Yet if you ask most people how the economy feels, the response is almost universally negative.
It feels bad.
Not just uncomfortable, but fragile. As if something is wrong beneath the surface. As if the improvement being pointed to in the data can’t possibly be real. For many, it feels like we’re being told things are getting better while lived experience suggests otherwise.
That reaction isn’t irrational. It’s not ignorance. And it’s not a failure to understand the headlines.
It’s the natural result of how economic change actually works … versus how we experience it in real time.
Markets don’t move based on how the economy feels. They move based on rate of change. Direction matters more than level. Less bad growth can be good. Slowing inflation can matter more than low inflation.
This is where the disconnect forms.
People experience the economy through prices, housing costs, job opportunity, and affordability. Markets experience it through growth trajectories, inflation trends, volatility, and liquidity.
Right now, growth and inflation … the two variables that define the investing regime…are both moving in directions that historically matter for markets. Growth is improving at the margin. Inflation is decelerating on a forward basis. That combination doesn’t guarantee smooth sailing, but it does change the environment in which capital flows, policy expectations, and market behavior operate.
And when the regime shifts, flows follow.
Passive investing, systematic strategies, and momentum don’t wait for confidence, comfort, or consensus. They respond mechanically to changes in trend, volatility, and rate of change. That’s why markets can begin to move well before sentiment improves…and why periods like this often feel the most confusing.
The goal of this month’s letter is not to argue that everything is “fine,” or that the challenges people feel aren’t real.
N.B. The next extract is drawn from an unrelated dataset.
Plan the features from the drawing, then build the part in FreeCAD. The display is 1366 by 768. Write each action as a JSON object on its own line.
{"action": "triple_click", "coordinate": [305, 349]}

They are. Housing remains expensive. Hiring has slowed. Affordability is still strained. Those realities matter.
But they are not the same thing as regime drivers.
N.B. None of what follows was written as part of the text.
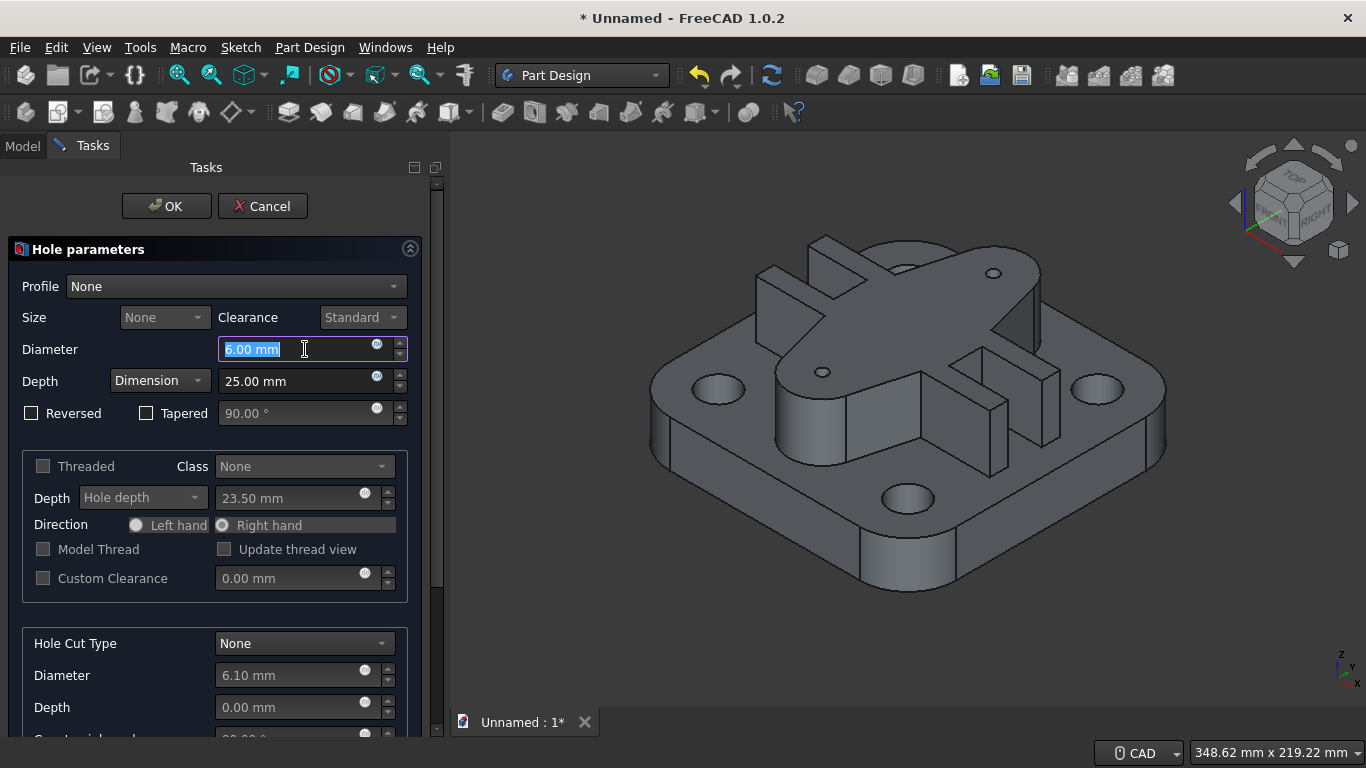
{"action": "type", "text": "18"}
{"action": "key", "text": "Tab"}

Understanding the difference between how the economy feels and how it is changing…between levels and direction…is critical. Especially in environments where markets begin to respond to improvement long before confidence catches up.
That’s the lens we’ll use this month as we walk through the data, the rate of change in growth and inflation, and why those forces continue to drive flows…even when it doesn’t feel like they should.
Before diving into the data, it’s worth slowing down on one point that underpins everything that follows.
Markets don’t react to snapshots. They react to movement. They don’t respond to whether growth or inflation are “good” or “bad” in isolation. They respond to whether conditions are getting better or worse relative to where they were. That distinction explains why economic discussions often feel disconnected from market behavior, especially in periods like this one.
To understand why markets are responding the way they are today, we need to start with growth. Not as a headline number, but as a rate of change. Because growth does not need to be strong to matter. It needs to stop deteriorating.
Growth … improving at the margin
When investors talk about growth, the mistake most often made is focusing on whether growth is “strong” or “weak,” rather than whether it is accelerating or decelerating. Markets don’t require booming growth to function. They require growth that is no longer getting worse.
That distinction matters enormously right now.
From a GDP standpoint, the data continues to show stabilization and modest reacceleration at the margin. Atlanta Fed GDPNow is tracking roughly 3% growth for Q4. That number on its own is not remarkable. What matters is the direction relative to prior quarters, when growth expectations were rolling over.
Income tax withholdings are running approximately +4% YoY, a critical but often overlooked data point. Withholdings provide a real-time proxy for aggregate income growth, and they suggest that while hiring has slowed, income across the system remains intact. That supports consumption, which still represents roughly 70% of economic activity.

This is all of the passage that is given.